Les derniers jours de la rivière Kelani

4 févr. 2015

En janvier dernier, ma copine et moi sommes partis pour un voyage épique au Sri Lanka. Pourquoi le Sri Lanka, car ce n'est pas une destination très connue et populaire auprès des nord-américains ? En fait, nous voulions aller dans une destination peu connue, sortir un peu des sentiers battus. Nous voulions vivre une expérience culturelle profonde, surfer dans l'océan indien, voir des animaux sauvages et des paysages incroyables. Le Sri Lanka avait tout ce que nous voulions. Le kayak n'était pas le but du voyage, mais nous avons pensé que ce serait sympa de passer un ou deux jours à pagayer sur la rivière Kelani à Kitulgala.

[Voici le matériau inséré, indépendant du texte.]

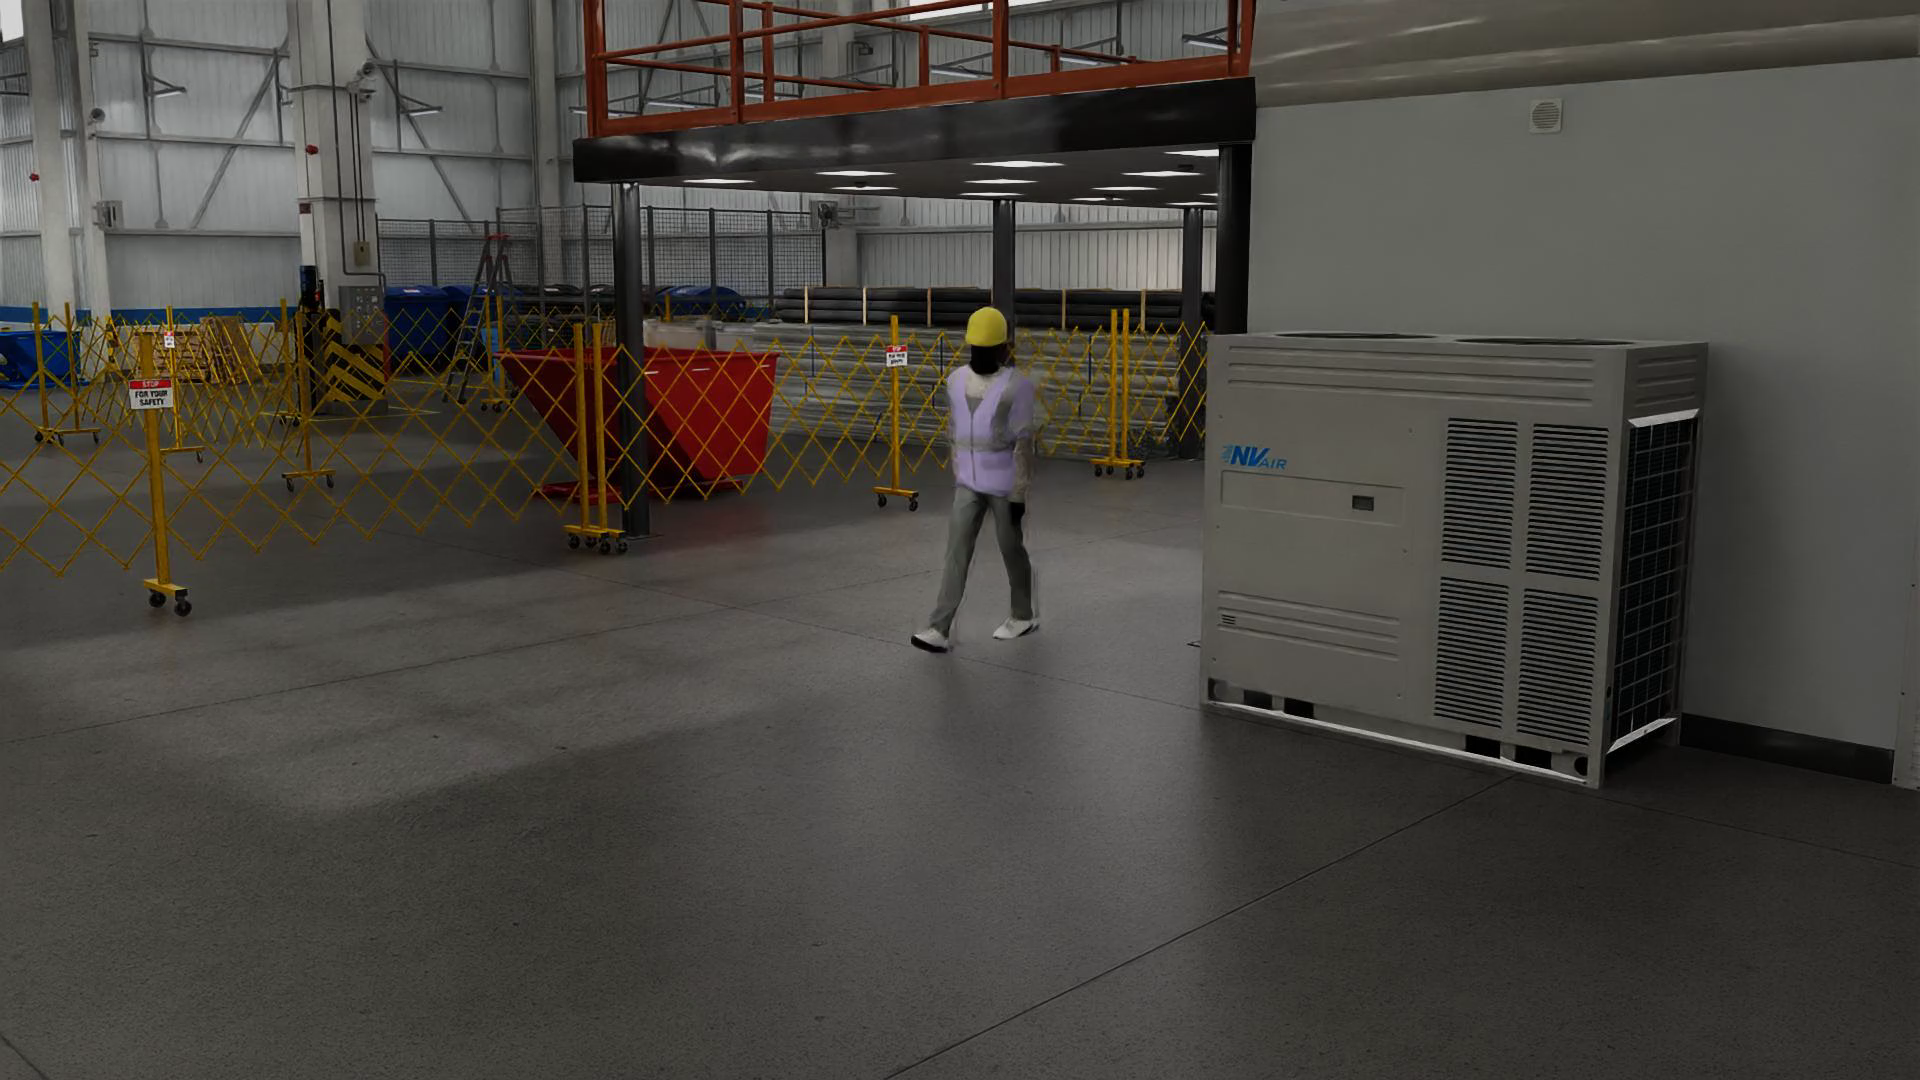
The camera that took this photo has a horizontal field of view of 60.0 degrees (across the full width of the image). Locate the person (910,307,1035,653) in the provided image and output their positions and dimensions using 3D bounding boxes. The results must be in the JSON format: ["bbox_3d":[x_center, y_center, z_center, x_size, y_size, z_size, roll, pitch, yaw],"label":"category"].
[{"bbox_3d":[0.139,-0.318,9.001,0.603,1.862,1.025,7,11,36],"label":"person"}]

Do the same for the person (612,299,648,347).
[{"bbox_3d":[-3.337,-1.602,16.843,0.479,1.880,0.581,-6,11,-33],"label":"person"}]

A la fin de notre voyage, nous sommes allés à Kitulgala. Dans cette petite ville, il n'y a pas beaucoup d'hôtels et pas beaucoup de restaurants, mais il y a plus de 10 compagnies de rafting. Quand j'ai vu un tuk-tuk avec un radeau de 14 pieds sur le toit, j'ai su que nous étions au bon endroit. Dès notre arrivée, nous sommes allés à Borderlands qui est une grande compagnie de rafting et le seul endroit où l'on peut se procurer un kayak et du matériel. Nous avons rencontré Wade Campbell, son compatriote canadien et propriétaire de l'endroit. Avec Wade, nous avons organisé une belle sortie pour pagayer sur la rivière Kelani le lendemain avec Kandy, un kayakiste local et guide de rafting génial.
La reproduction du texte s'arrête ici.